(Stored items)

********

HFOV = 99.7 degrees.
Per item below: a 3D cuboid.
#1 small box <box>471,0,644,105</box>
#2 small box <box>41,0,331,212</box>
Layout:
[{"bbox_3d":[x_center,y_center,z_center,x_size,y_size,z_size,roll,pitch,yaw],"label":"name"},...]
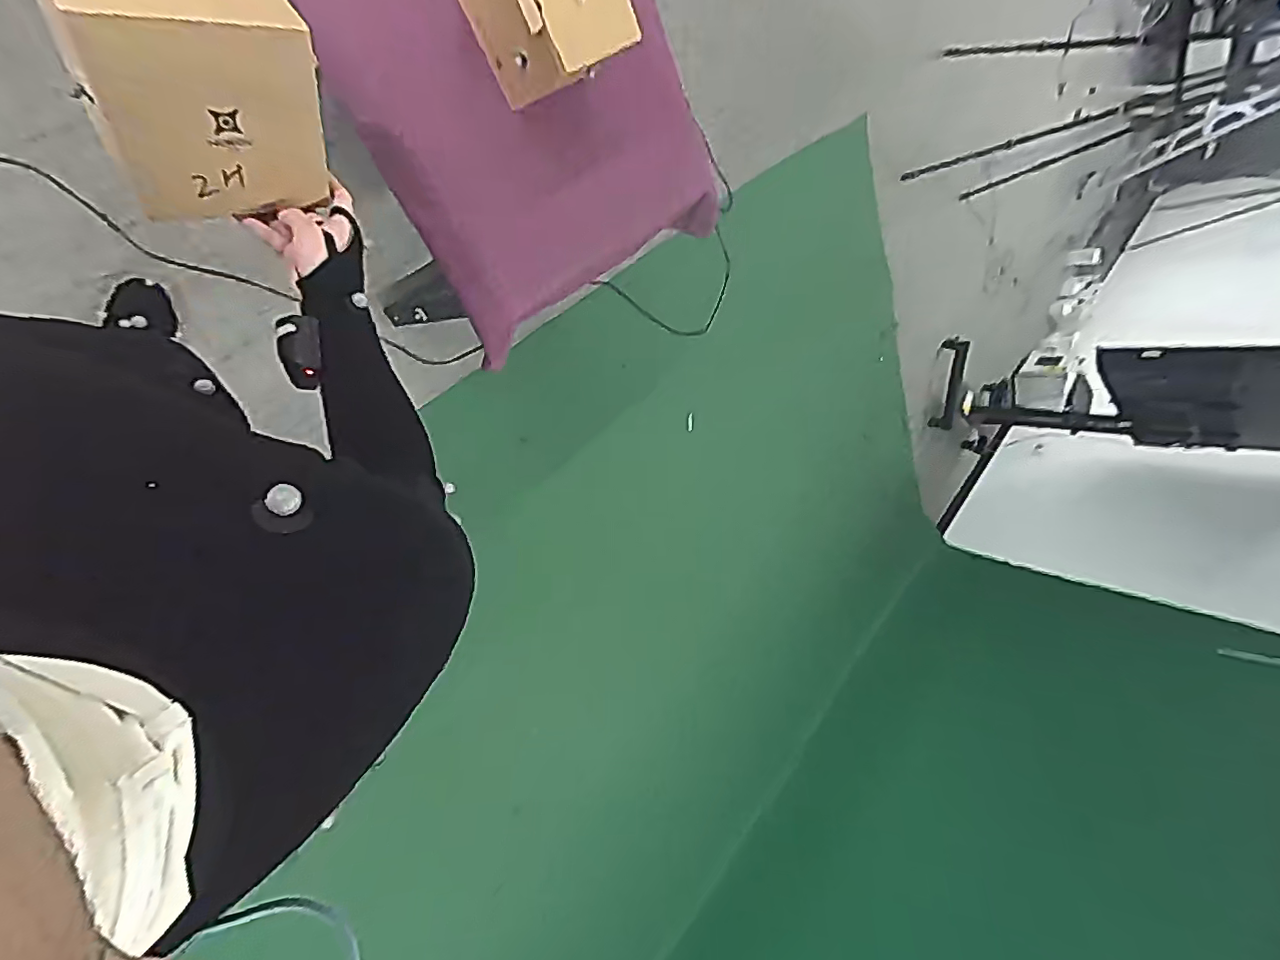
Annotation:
[{"bbox_3d":[-0.133,-0.712,0.825,0.179,0.176,0.168,-44,126,-24],"label":"small box"},{"bbox_3d":[-0.418,-0.387,0.503,0.168,0.179,0.176,-28,74,-34],"label":"small box"}]
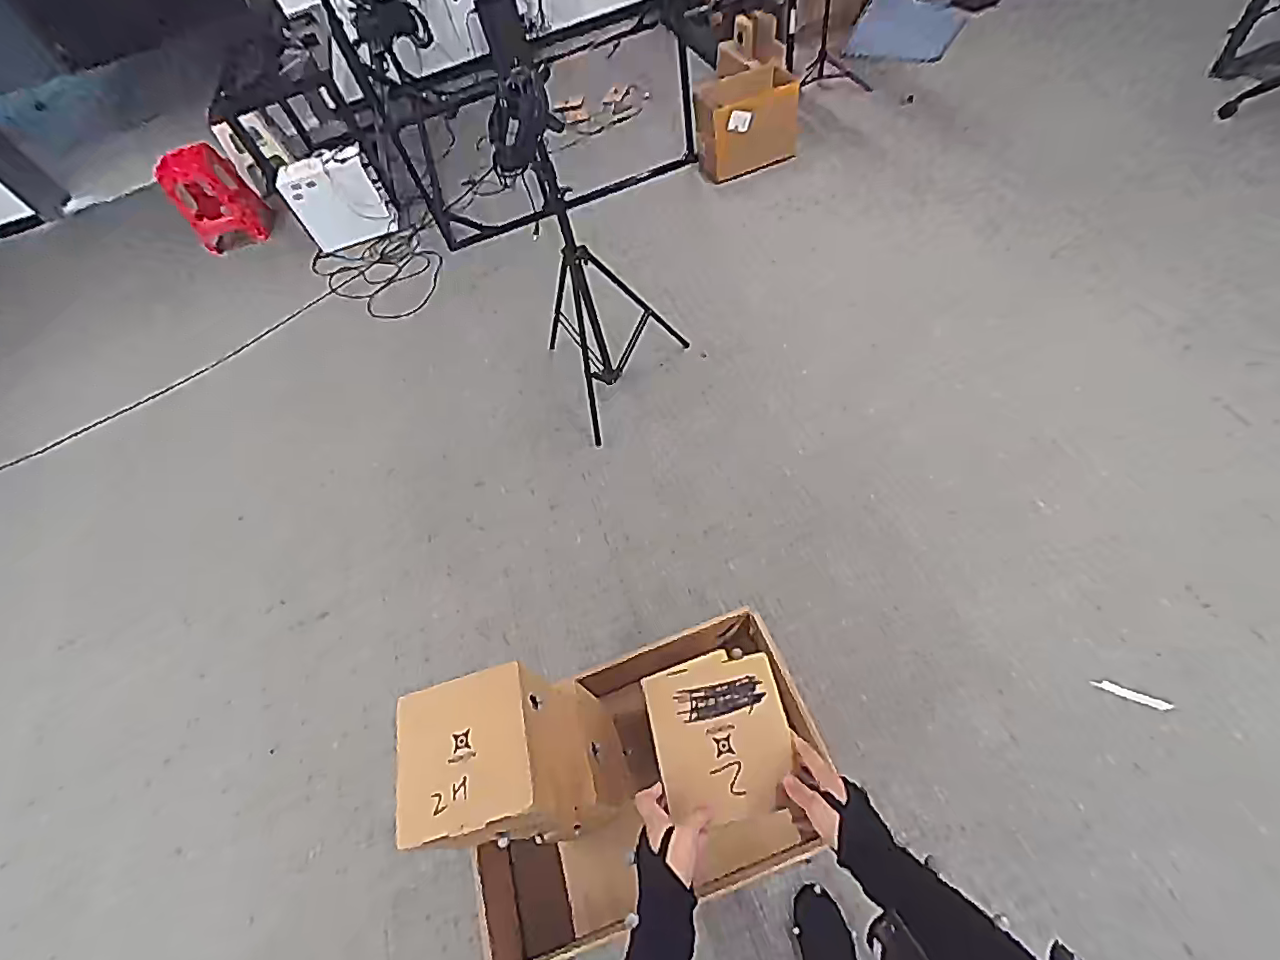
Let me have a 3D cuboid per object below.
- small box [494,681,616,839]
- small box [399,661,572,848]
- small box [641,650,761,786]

********

§ EXERCISE DETAILS: Pictures are to be left out; all else in the entries above is to be quoted exactly.

§ ANSWER AREA:
HFOV = 99.7 degrees.
Per item below: a 3D cuboid.
#1 small box <box>471,0,644,105</box>
#2 small box <box>41,0,331,212</box>
Layout:
[{"bbox_3d":[x_center,y_center,z_center,x_size,y_size,z_size,roll,pitch,yaw],"label":"name"},...]
Annotation:
[{"bbox_3d":[-0.133,-0.712,0.825,0.179,0.176,0.168,-44,126,-24],"label":"small box"},{"bbox_3d":[-0.418,-0.387,0.503,0.168,0.179,0.176,-28,74,-34],"label":"small box"}]
Let me have a 3D cuboid per object below.
- small box [494,681,616,839]
- small box [399,661,572,848]
- small box [641,650,761,786]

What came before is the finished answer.